=== What you need to do ===
A verbatim copy of each record is required.

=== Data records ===
++++++++++

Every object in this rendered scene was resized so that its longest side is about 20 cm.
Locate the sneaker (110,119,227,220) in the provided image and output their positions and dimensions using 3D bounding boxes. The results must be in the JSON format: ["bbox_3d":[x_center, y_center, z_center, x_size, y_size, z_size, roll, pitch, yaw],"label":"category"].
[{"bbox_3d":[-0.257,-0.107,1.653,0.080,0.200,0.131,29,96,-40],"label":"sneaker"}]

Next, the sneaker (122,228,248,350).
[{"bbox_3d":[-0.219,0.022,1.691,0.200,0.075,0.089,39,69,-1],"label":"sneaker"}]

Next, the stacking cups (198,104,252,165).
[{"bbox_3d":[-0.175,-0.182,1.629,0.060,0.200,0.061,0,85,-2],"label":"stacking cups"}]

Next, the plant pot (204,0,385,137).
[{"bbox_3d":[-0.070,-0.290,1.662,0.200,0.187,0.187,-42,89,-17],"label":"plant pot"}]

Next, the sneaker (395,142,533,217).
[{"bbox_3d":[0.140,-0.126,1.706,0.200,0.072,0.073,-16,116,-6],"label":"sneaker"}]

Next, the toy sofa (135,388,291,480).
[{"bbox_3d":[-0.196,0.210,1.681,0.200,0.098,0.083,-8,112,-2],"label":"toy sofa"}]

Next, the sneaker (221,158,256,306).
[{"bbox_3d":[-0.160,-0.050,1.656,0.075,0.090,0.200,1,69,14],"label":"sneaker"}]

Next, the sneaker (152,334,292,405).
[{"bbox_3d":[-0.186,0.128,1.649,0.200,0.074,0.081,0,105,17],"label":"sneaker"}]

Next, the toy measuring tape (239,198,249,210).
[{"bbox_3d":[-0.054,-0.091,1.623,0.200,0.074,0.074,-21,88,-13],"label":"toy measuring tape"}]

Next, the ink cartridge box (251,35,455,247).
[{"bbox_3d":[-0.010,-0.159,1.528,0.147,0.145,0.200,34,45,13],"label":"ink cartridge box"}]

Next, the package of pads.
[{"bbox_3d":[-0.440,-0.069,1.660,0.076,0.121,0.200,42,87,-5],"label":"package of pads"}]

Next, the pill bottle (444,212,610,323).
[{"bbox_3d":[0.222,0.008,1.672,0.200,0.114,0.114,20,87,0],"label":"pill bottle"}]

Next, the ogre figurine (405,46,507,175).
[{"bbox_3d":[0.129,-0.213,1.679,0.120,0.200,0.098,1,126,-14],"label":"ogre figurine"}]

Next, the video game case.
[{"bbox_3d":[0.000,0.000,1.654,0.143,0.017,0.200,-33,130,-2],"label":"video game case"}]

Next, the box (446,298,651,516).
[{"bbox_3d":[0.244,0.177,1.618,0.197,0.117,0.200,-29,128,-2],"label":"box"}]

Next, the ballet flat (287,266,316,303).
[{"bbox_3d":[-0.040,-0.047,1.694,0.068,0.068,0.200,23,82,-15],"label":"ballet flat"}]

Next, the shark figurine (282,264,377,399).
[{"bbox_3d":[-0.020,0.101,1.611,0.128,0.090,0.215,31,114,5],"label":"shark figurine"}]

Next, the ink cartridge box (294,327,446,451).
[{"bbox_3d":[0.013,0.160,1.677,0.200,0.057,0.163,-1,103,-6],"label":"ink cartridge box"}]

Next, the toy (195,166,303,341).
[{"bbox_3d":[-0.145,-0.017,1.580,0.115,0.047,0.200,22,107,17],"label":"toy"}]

++++++++++

=== Response below ===
Every object in this rendered scene was resized so that its longest side is about 20 cm.
Locate the sneaker (110,119,227,220) in the provided image and output their positions and dimensions using 3D bounding boxes. The results must be in the JSON format: ["bbox_3d":[x_center, y_center, z_center, x_size, y_size, z_size, roll, pitch, yaw],"label":"category"].
[{"bbox_3d":[-0.257,-0.107,1.653,0.080,0.200,0.131,29,96,-40],"label":"sneaker"}]

Next, the sneaker (122,228,248,350).
[{"bbox_3d":[-0.219,0.022,1.691,0.200,0.075,0.089,39,69,-1],"label":"sneaker"}]

Next, the stacking cups (198,104,252,165).
[{"bbox_3d":[-0.175,-0.182,1.629,0.060,0.200,0.061,0,85,-2],"label":"stacking cups"}]

Next, the plant pot (204,0,385,137).
[{"bbox_3d":[-0.070,-0.290,1.662,0.200,0.187,0.187,-42,89,-17],"label":"plant pot"}]

Next, the sneaker (395,142,533,217).
[{"bbox_3d":[0.140,-0.126,1.706,0.200,0.072,0.073,-16,116,-6],"label":"sneaker"}]

Next, the toy sofa (135,388,291,480).
[{"bbox_3d":[-0.196,0.210,1.681,0.200,0.098,0.083,-8,112,-2],"label":"toy sofa"}]

Next, the sneaker (221,158,256,306).
[{"bbox_3d":[-0.160,-0.050,1.656,0.075,0.090,0.200,1,69,14],"label":"sneaker"}]

Next, the sneaker (152,334,292,405).
[{"bbox_3d":[-0.186,0.128,1.649,0.200,0.074,0.081,0,105,17],"label":"sneaker"}]

Next, the toy measuring tape (239,198,249,210).
[{"bbox_3d":[-0.054,-0.091,1.623,0.200,0.074,0.074,-21,88,-13],"label":"toy measuring tape"}]

Next, the ink cartridge box (251,35,455,247).
[{"bbox_3d":[-0.010,-0.159,1.528,0.147,0.145,0.200,34,45,13],"label":"ink cartridge box"}]

Next, the package of pads.
[{"bbox_3d":[-0.440,-0.069,1.660,0.076,0.121,0.200,42,87,-5],"label":"package of pads"}]

Next, the pill bottle (444,212,610,323).
[{"bbox_3d":[0.222,0.008,1.672,0.200,0.114,0.114,20,87,0],"label":"pill bottle"}]

Next, the ogre figurine (405,46,507,175).
[{"bbox_3d":[0.129,-0.213,1.679,0.120,0.200,0.098,1,126,-14],"label":"ogre figurine"}]

Next, the video game case.
[{"bbox_3d":[0.000,0.000,1.654,0.143,0.017,0.200,-33,130,-2],"label":"video game case"}]

Next, the box (446,298,651,516).
[{"bbox_3d":[0.244,0.177,1.618,0.197,0.117,0.200,-29,128,-2],"label":"box"}]

Next, the ballet flat (287,266,316,303).
[{"bbox_3d":[-0.040,-0.047,1.694,0.068,0.068,0.200,23,82,-15],"label":"ballet flat"}]

Next, the shark figurine (282,264,377,399).
[{"bbox_3d":[-0.020,0.101,1.611,0.128,0.090,0.215,31,114,5],"label":"shark figurine"}]

Next, the ink cartridge box (294,327,446,451).
[{"bbox_3d":[0.013,0.160,1.677,0.200,0.057,0.163,-1,103,-6],"label":"ink cartridge box"}]

Next, the toy (195,166,303,341).
[{"bbox_3d":[-0.145,-0.017,1.580,0.115,0.047,0.200,22,107,17],"label":"toy"}]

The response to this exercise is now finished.